The way Qatar Airways Cargo is heading, however, suggests that while service will undoubtedly remain its core, further growth is inevitable.

For this group, cargo is very, very important although earnings are also strong from passenger traffic, one of the world’s most innovative and successful travel retail (duty free) operations and a wealth of other services.

“Our cargo capability is a major component in driving our group success and growth,” said Al Baker.  “It will remain a focus of our expansion in the coming years.”

The briefing at Doha’s new Hamad International Airport – which includes the existing QR cargo terminal and nearby site of a massive new terminal to be operational by 2018 – launched a portfolio of new cargo products and enhancements to others, along with an indication of further freighter deliveries.

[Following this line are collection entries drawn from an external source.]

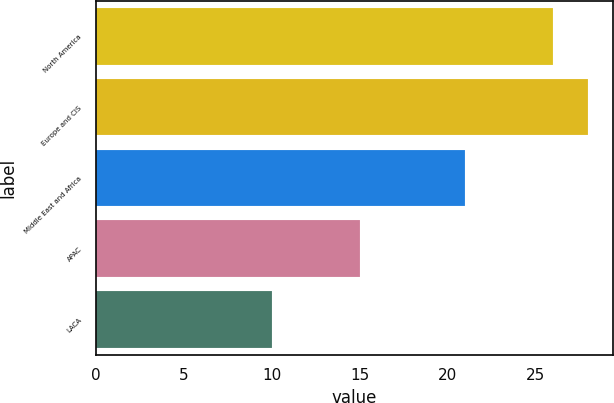<chart> <loc_0><loc_0><loc_500><loc_500><bar_chart><fcel>North America<fcel>Europe and CIS<fcel>Middle East and Africa<fcel>APAC<fcel>LACA<nl><fcel>26<fcel>28<fcel>21<fcel>15<fcel>10<nl></chart> 
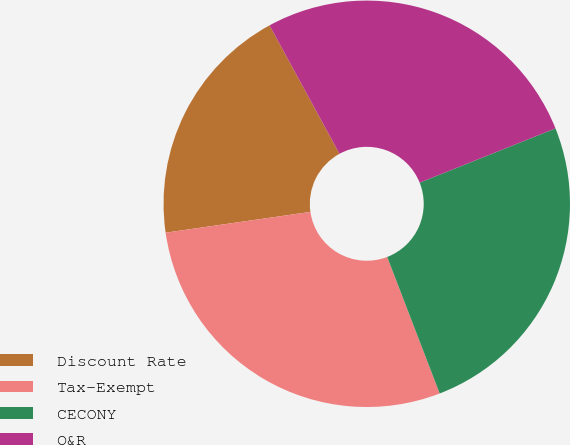<chart> <loc_0><loc_0><loc_500><loc_500><pie_chart><fcel>Discount Rate<fcel>Tax-Exempt<fcel>CECONY<fcel>O&R<nl><fcel>19.33%<fcel>28.57%<fcel>25.21%<fcel>26.89%<nl></chart> 
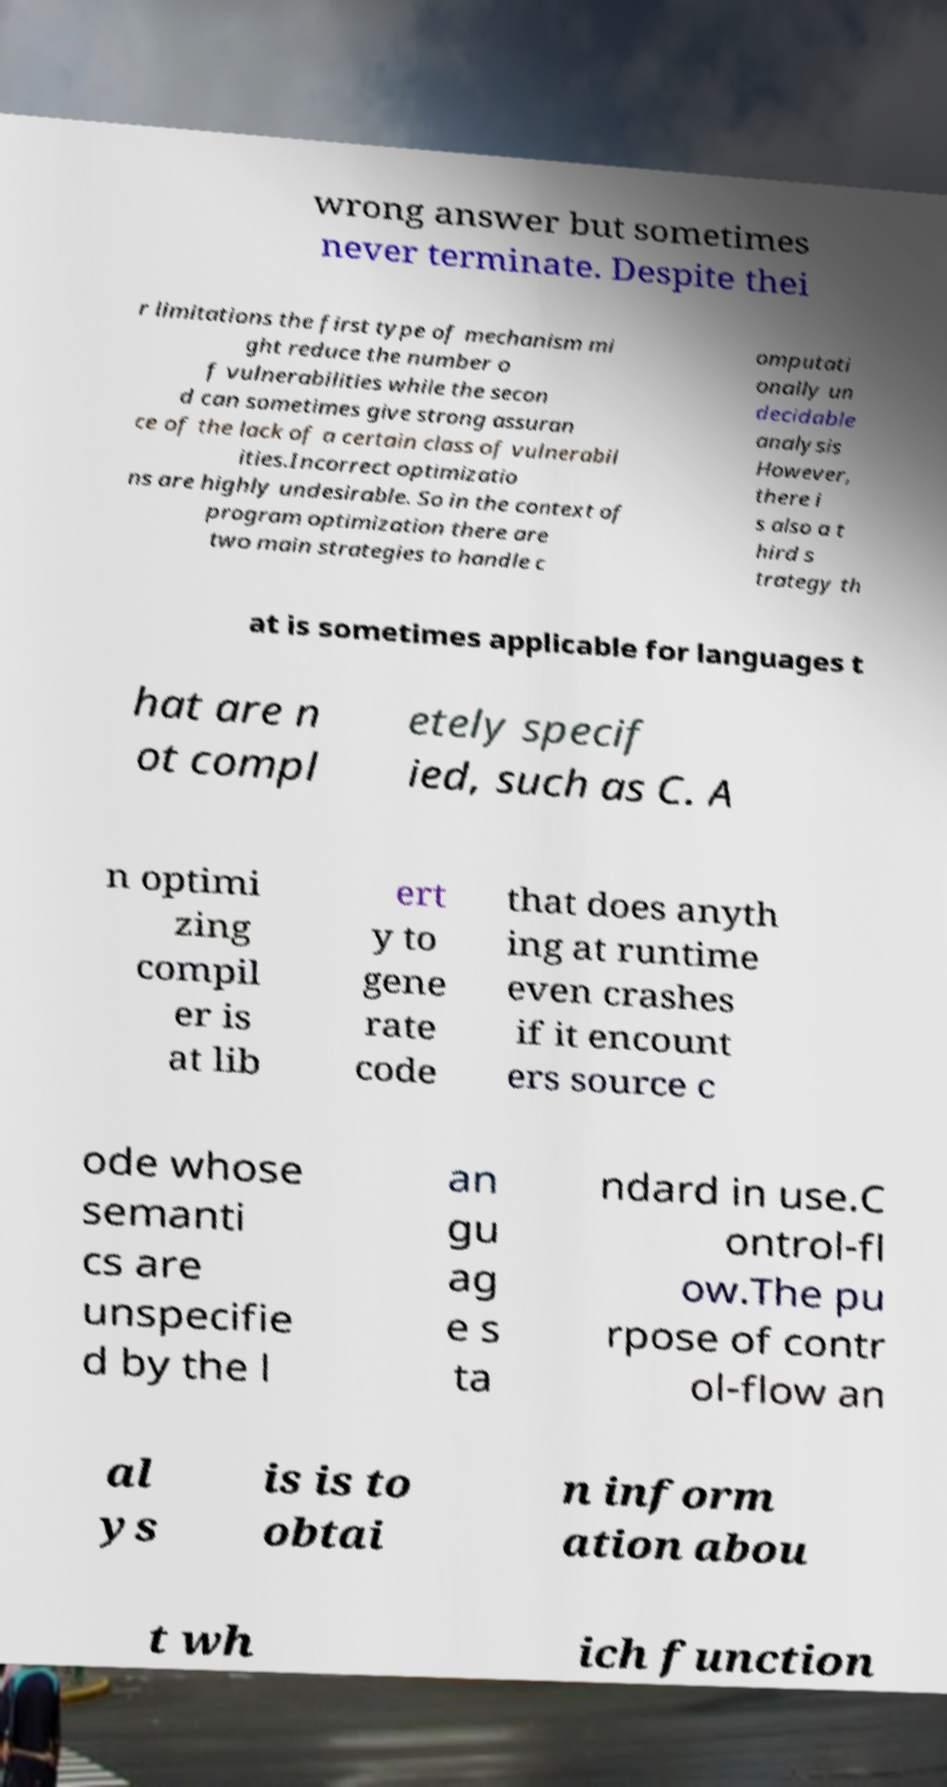Please read and relay the text visible in this image. What does it say? wrong answer but sometimes never terminate. Despite thei r limitations the first type of mechanism mi ght reduce the number o f vulnerabilities while the secon d can sometimes give strong assuran ce of the lack of a certain class of vulnerabil ities.Incorrect optimizatio ns are highly undesirable. So in the context of program optimization there are two main strategies to handle c omputati onally un decidable analysis However, there i s also a t hird s trategy th at is sometimes applicable for languages t hat are n ot compl etely specif ied, such as C. A n optimi zing compil er is at lib ert y to gene rate code that does anyth ing at runtime even crashes if it encount ers source c ode whose semanti cs are unspecifie d by the l an gu ag e s ta ndard in use.C ontrol-fl ow.The pu rpose of contr ol-flow an al ys is is to obtai n inform ation abou t wh ich function

More routes are also being readied, all carrying freight whether in belly-holds or on the super-efficient freighter fleet.
It’s “the new norm,” Al Baker suggested.  Legacy carriers will have to change if they want to catch up and some might not make it at all, he implies.

The new Qatar Airways Cargo products include QR Equine and QR Express, both building on existing services by broadening the customer offer, adding specialist staff and allocating management/marketing resources.

QR Equine will make more use of Qatar Airways Cargo’s sophisticated and airy live animal facility at HIA, recognising that thoroughbred purchases are growing in Qatar and elsewhere in the Middle East.

Specialist horse handling staff are being recruited to join the facility’s current vets – two of whom are on duty at all times.

With QR Express, Al Baker explained the carrier was introducing a simplified system with high boarding priority and rapid handling, guaranteeing speedy delivery.  Features include short and flexible close-outs, quick ramp transfer for transit express and speedy retrieval at final destination.

Qatar-Airways-Cargo-horses-caption-with-story

Network expansion ...


As already reported, Sydney will make its network debut on March 1 and Adelaide on May 2; both will be daily.

Other new ports to be launched in the next few months include Nagpur, Durban and Ras Al Khaimah.  Birmingham has just been announced as a further UK port from March 30 2016, joining London Heathrow, Manchester and Edinburgh.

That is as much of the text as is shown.